Diana Ivanova, pesquisadora da Universidade Norueguesa de Ciência e Tecnologia, e seus colegas realizaram um estudo comparando as emissões de gases do efeito estufa (principais causadores do aquecimento global) com o consumo per capita de cada país. E descobriram que a pegada de carbono de uma família de Luxemburgo (país com menos de 600.000 habitantes) é seis vezes maior que a média global. Já o impacto de uma família da Índia (com 1,3 bilhão de habitantes) é apenas um quarto dessa média mundial.
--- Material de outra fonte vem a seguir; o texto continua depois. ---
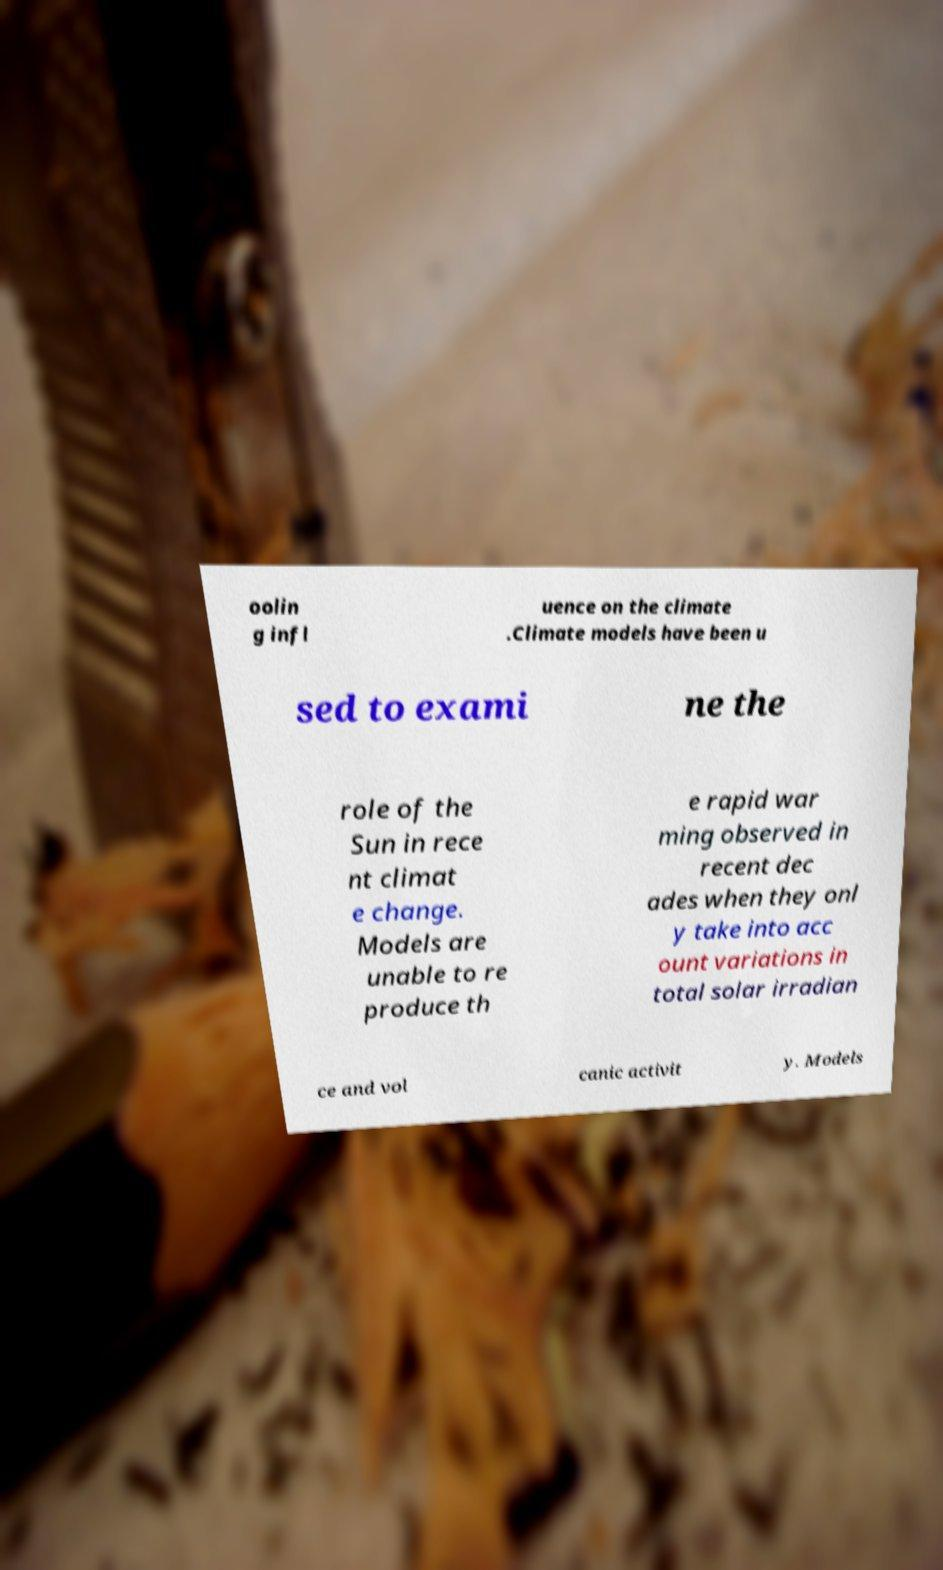Could you assist in decoding the text presented in this image and type it out clearly? oolin g infl uence on the climate .Climate models have been u sed to exami ne the role of the Sun in rece nt climat e change. Models are unable to re produce th e rapid war ming observed in recent dec ades when they onl y take into acc ount variations in total solar irradian ce and vol canic activit y. Models

“Obviamente, a quantidade de habitantes é uma variável relevante, porque todo mundo tem necessidades mínimas que causam impactos, mas o que realmente importa é o consumo, o que você compra e gasta. E isso é algo que depende basicamente da renda”, afirma Ivanova. Os 10% mais ricos geram 36% da pegada de carbono das famílias.
Uma avó com seus netos em um campo de amendoins em Gafati (Níger) ©FAO/ANDREW ESIEBO
Cada vez mais vozes apresentam o crescimento demográfico na África como o principal risco para a sustentabilidade do planeta. “De algum modo, a ameaça da superpopulação, que vem de países pobres, permite aos ricos desviar-se de sua parcela de responsabilidade”, critica Satterthwhaite. “É uma forma de jogar a culpa nos outros em vez de procurar uma maneira inovadora de resolver o quebra-cabeças”, coincide Ivanova. “Em vez de dizer aos outros que não tenham mais filhos, deveríamos ser muito mais conscientes de nosso próprio impacto”, acrescenta a acadêmica.